Why are buses always late? Why are my friends more popular than me? Inspection paradox. I recently recorded video lectures for my data literacy course next semester, and I briefly discuss the inspection paradox and inspection bias. It’s only a minor phenomenon, but is relevant to queueing systems, so understanding it might be interesting.

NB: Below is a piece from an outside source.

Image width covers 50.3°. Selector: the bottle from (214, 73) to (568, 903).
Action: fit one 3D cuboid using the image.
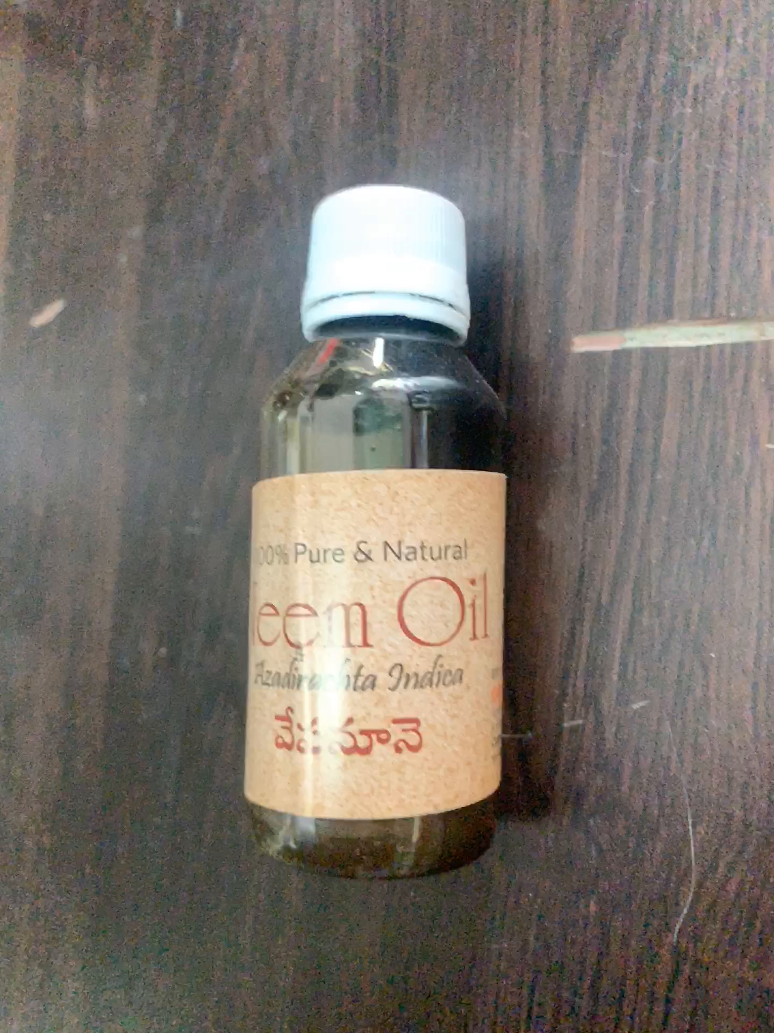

I think this blog post by Allen Downey explains it best - in the book Orange Is The New Black the author is sent to prison and is astonished that most of the people she meets are serving very long sentences, much longer than the average sentence length the judge issues. What’s going on? Inspection bias. Women serving shorter sentences spend less time in prison, so there’s less chance they’ll be there when you go to prison. Women serving longer sentences spend more time in prison, so there’s a higher chance they’ll be there when you go to prison.

Prisons are a queueing system with no buffer. So queueing systems must be prone to inspection bias. When parameterising a queueing model, if a full data set is unavailable, then we might take just “snapshots” of the system. For example if we want to know the sentence length distribution at a prison, we may enter the prison on some given days and ask the inmates there how long their sentence is. This collected data is subject to inspection bias, and so would need to be transformed back to it’s original distribution before using it to model the prison as a queueing system.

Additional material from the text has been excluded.